The assumption of the exchange rate of the Rupiah against the US dollar is one of the important macro indicators in the preparation of Draft of State Revenue and Expenditure Budget (RAPBN) because this exchange rate greatly influences the revenue, expenditure and financing of the RAPBN. Longmore and Robinson (2004) stated the importance of understanding exchange rate behavior with the aim of designing appropriate monetary policy 1. Basic macroeconomic assumptions used as a reference in the 2020 Draft State Budget, namely: 1) Economic growth is expected to continue to grow by 5.3%; 2) Inflation can still be controlled in the range of 3.1%; 3) The Rupiah exchange rate is estimated to be at Rp. 14,400 per US dollar; 4) The interest rate of the 3-month Treasury Bill (SPN) is 5.4% with optimism related to positive perceptions and improvement of the investment climate in Indonesia so that investment flows will continue to flow into the country; 5) Indonesia Crude Price (ICP) is estimated to reach US $ 65.0 per barrel on average; 6) Oil and gas lifting is estimated to reach 734 thousand barrels per day and 1,191 thousand barrels of oil equivalent per day 2. Therefore, forecasting in the decision making process in the financial sector is very important because it can provide a basis for better planning and decision making 3.

In Indonesia, the exchange rate is influenced by world economic conditions, domestic economic and political conditions. In the era of globalization and financial liberalization, exchange rates play an important role in international trade and finance for a small open economy like Pakistan 4. Global financial markets are influenced by forecast exchange rate volatility. Macroeconomics such as oil prices, interest rates, wages, unemployment, and economic growth rates are significantly influenced by exchange rate forecasting 5; Foreign exchange rates are related to other currencies and fluctuate in the context of demand and supply of currencies 6. Foreign exchange rates, especially US dollar, are serial processes that do not correlate with averages and variances are not constant for certain intervals. In the time series analysis, if the average calculation is not constant, it could be constant through the differential process. But the variance is difficult to be constant, it could only be reduced with the process of variance stability. So to build a model of the exchange rate of the Rupiah against the US dollar must use the ARCH model because in this modeling process the condition of the analyzed data variance is not constant, but the variance in the forecast value is constant.

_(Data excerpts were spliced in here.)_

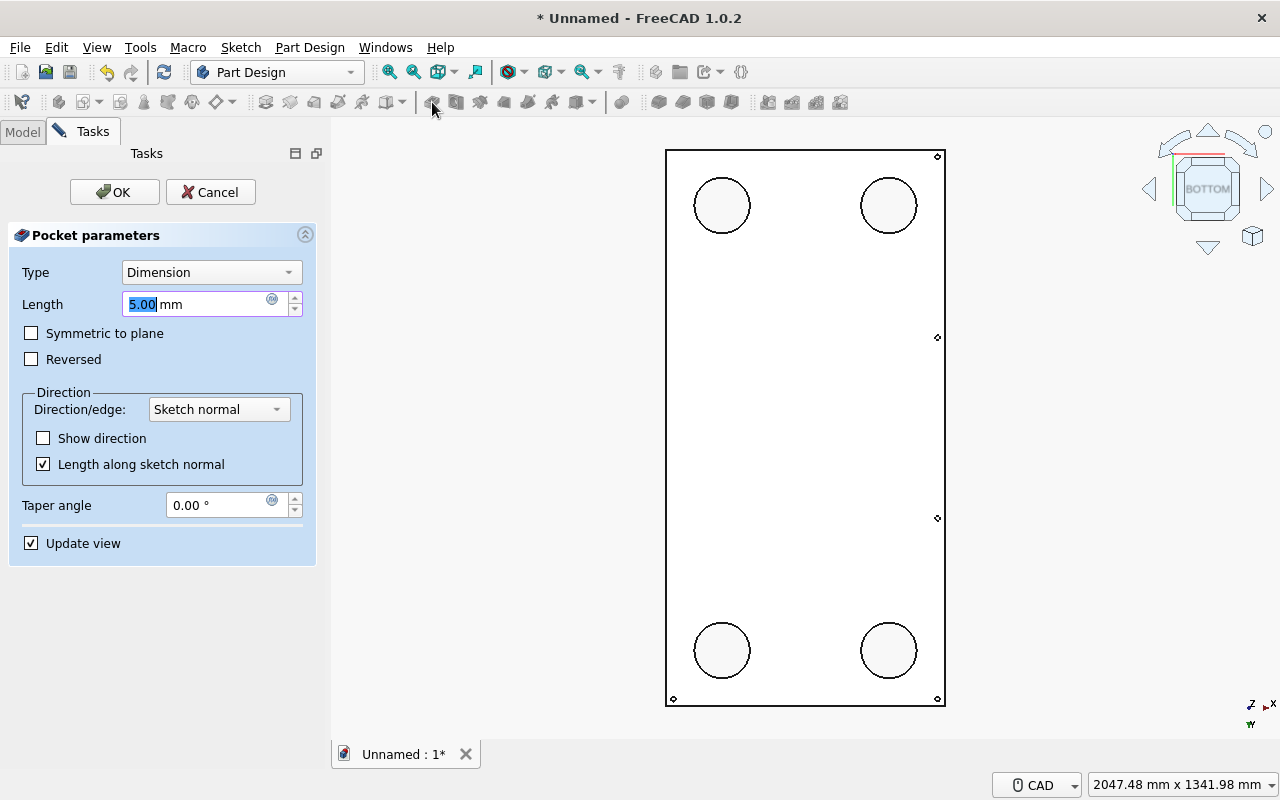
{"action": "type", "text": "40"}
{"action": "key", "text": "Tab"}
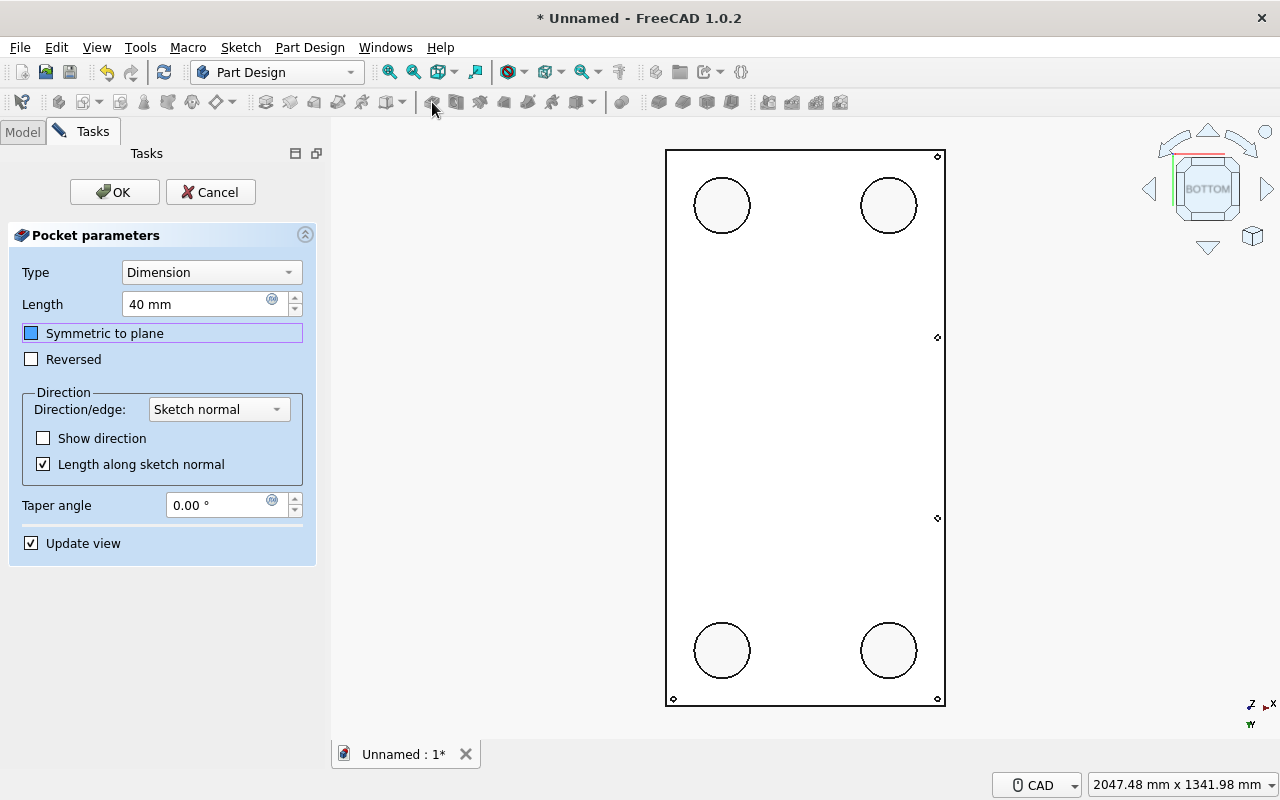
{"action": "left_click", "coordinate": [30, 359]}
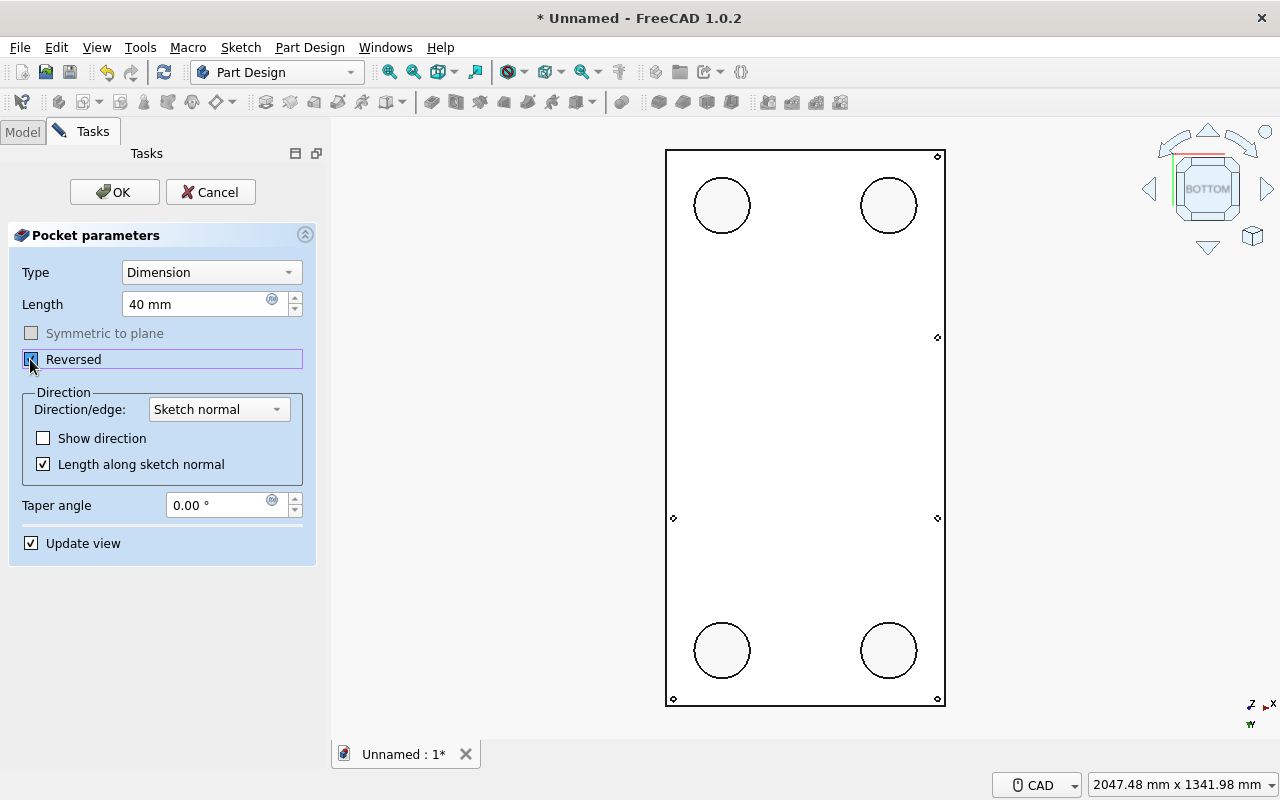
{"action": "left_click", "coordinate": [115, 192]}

At the end of the background explanation, the problem that will be solved in this research is to build a model of the exchange rate of the Rupiah against the US dollar using the ARCH process. Because this exchange rate is an uncorrelated serial process, with a mean that can be constant, but the variance cannot. So, in this case, the conditional variance is not constant for observations, but the variance is not conditionally constant for the forecast value.

2. Theoretical Framework

2.1. Autoregressive Conditional Heteroscedasticity (ARCH)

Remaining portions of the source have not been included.